Les problèmes de conception de réseau posent des défis importants par leur
taille et constituent clairement un domaine dans lequel il est difficile de prendre
de bonnes décisions sans recourir à une analyse quantitative. Il s’agit aussi de
problèmes ayant des impacts stratégiques et financiers importants. Selon Industrie
Canada, les entreprises canadiennes ont investi 1,4 milliard de dollars dans les
entrepôts et les centres de distribution en 2010, et ces investissements ont
augmenté de 69 % depuis 20055.
Federico Pasin et moi avons commencé à étudier ces problèmes il y a une
dizaine d’années. Notre principal objectif était alors de mettre au point un modèle
général incorporant les aspects essentiels du problème et pouvant être appliqué à
la plupart des situations rencontrées en pratique (Cordeau et al., 2006). Un autre
objectif était de résoudre des problèmes de grande taille tels que ceux que l’on
observe aujourd’hui et qui comportent souvent des milliers de produits et de zones
de demande ainsi que des centaines de possibilités pour la localisation des
installations.
5 Industrie Canada, « Global Business Strategy and Innovation : A Logistics Perspective », 2011.
24
Afin de résoudre le modèle, nous avons conçu un algorithme basé sur la
décomposition de Benders, une technique proposée par le chercheur néerlandais
du même nom au début des années 1960 (Benders, 1962). Cette méthode sépare le
problème à résoudre en plusieurs composantes plus petites qui sont traitées
individuellement mais qui échangent de l’information entre elles afin d’assurer
que la solution produite par chacune à la fin du processus sera optimale pour le
problème dans son ensemble. En ce sens, on peut donc dire que cette méthode
unit les approches analytique et systémique car elle permet de profiter des
connaissances et des algorithmes performants dont on dispose pour résoudre des
problèmes simplifiés, tout en maintenant les liens qui existent entre ces différents
sous-problèmes de manière à parvenir à une solution qui soit bonne pour le
système complet. L’utilisation des méthodes de décomposition en transport a
d’ailleurs beaucoup été développée à Montréal, entre autres par Jacques
Desrosiers et François Soumis avec qui j’ai fait ma thèse de doctorat à la fin des
années 1990.
En parallèle avec ces développements surtout théoriques, notre modèle de
conception de réseau a aussi servi dans le cadre de projets industriels. Nous
l’avons, par exemple, adapté afin de résoudre un problème de localisation
d’entrepôts pour le compte d’Hydro-Québec. On devait, dans ce problème,
déterminer les meilleurs emplacements pour localiser les centres de distribution
qui permettent à l’entreprise d’alimenter des entrepôts plus petits, les satellites,
dans lesquels les équipes d’entretien du réseau électrique s’approvisionnent en
composants et fournitures de toutes sortes : transformateurs, poteaux, câbles, etc.

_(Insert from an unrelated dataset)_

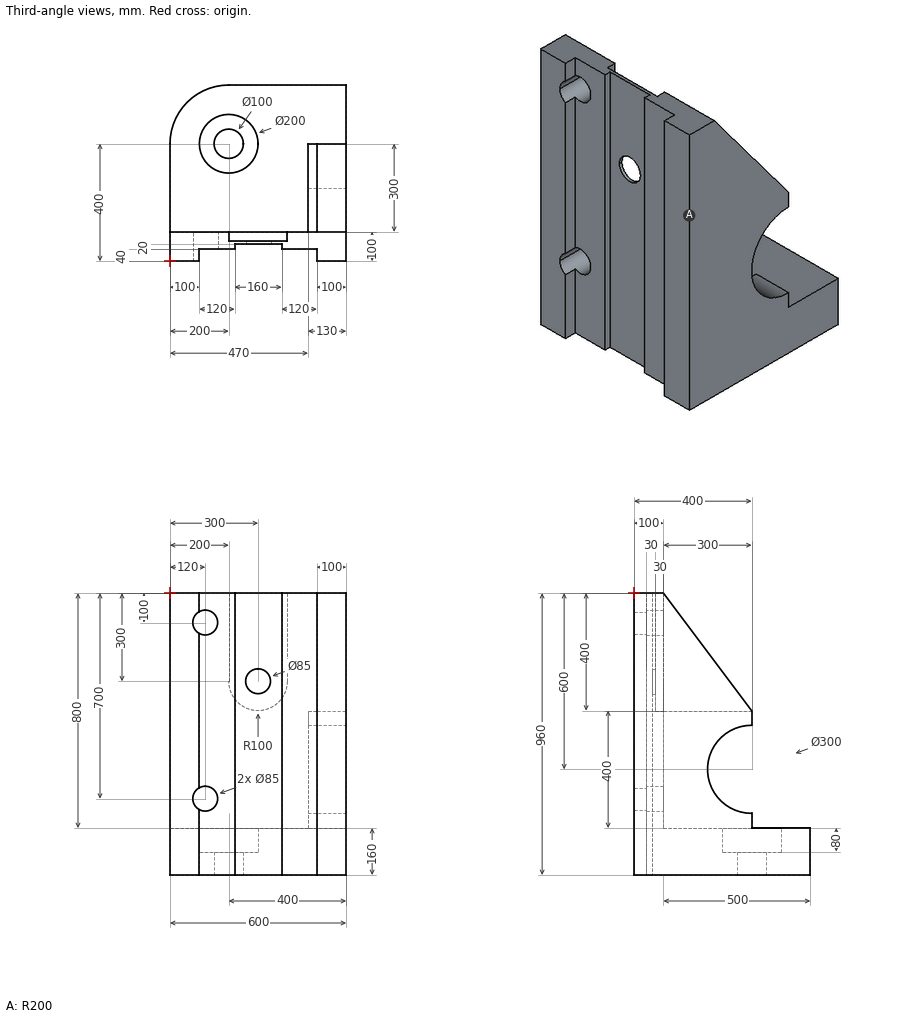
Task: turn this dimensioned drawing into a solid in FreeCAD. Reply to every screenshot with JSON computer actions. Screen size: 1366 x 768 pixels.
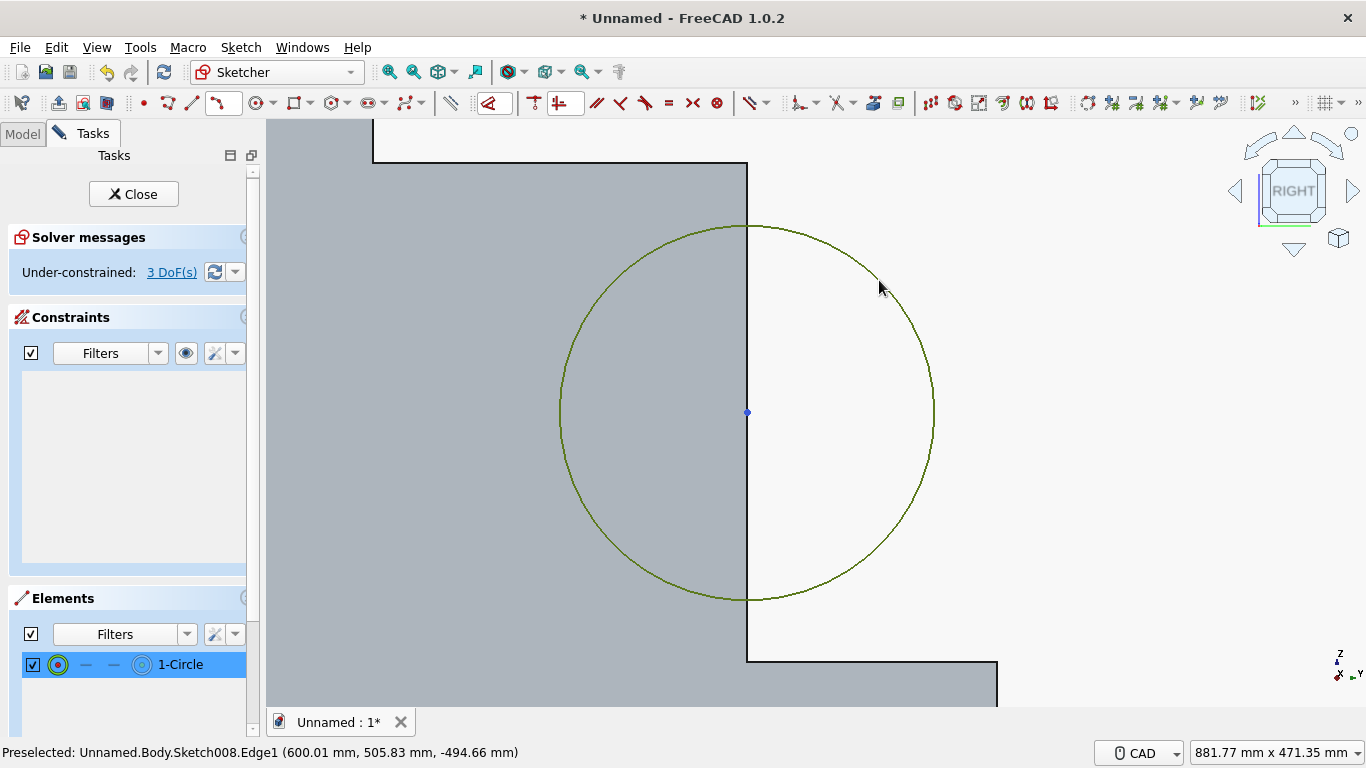
{"action": "key", "text": "k o"}

Plus récemment, le modèle a été étendu davantage et utilisé dans le cadre d’un
mandat de consultation pour la firme finlandaise Nokia. Signe des temps, on y a
entre autres ajouté des contraintes environnementales telles qu’une limite quant
aux émissions totales de CO2 produites par l’exploitation du réseau logistique. Un
autre ajout important fait au modèle est la possibilité de tenir compte de plusieurs
scénarios de coûts, de demande et de capacité par la programmation stochastique.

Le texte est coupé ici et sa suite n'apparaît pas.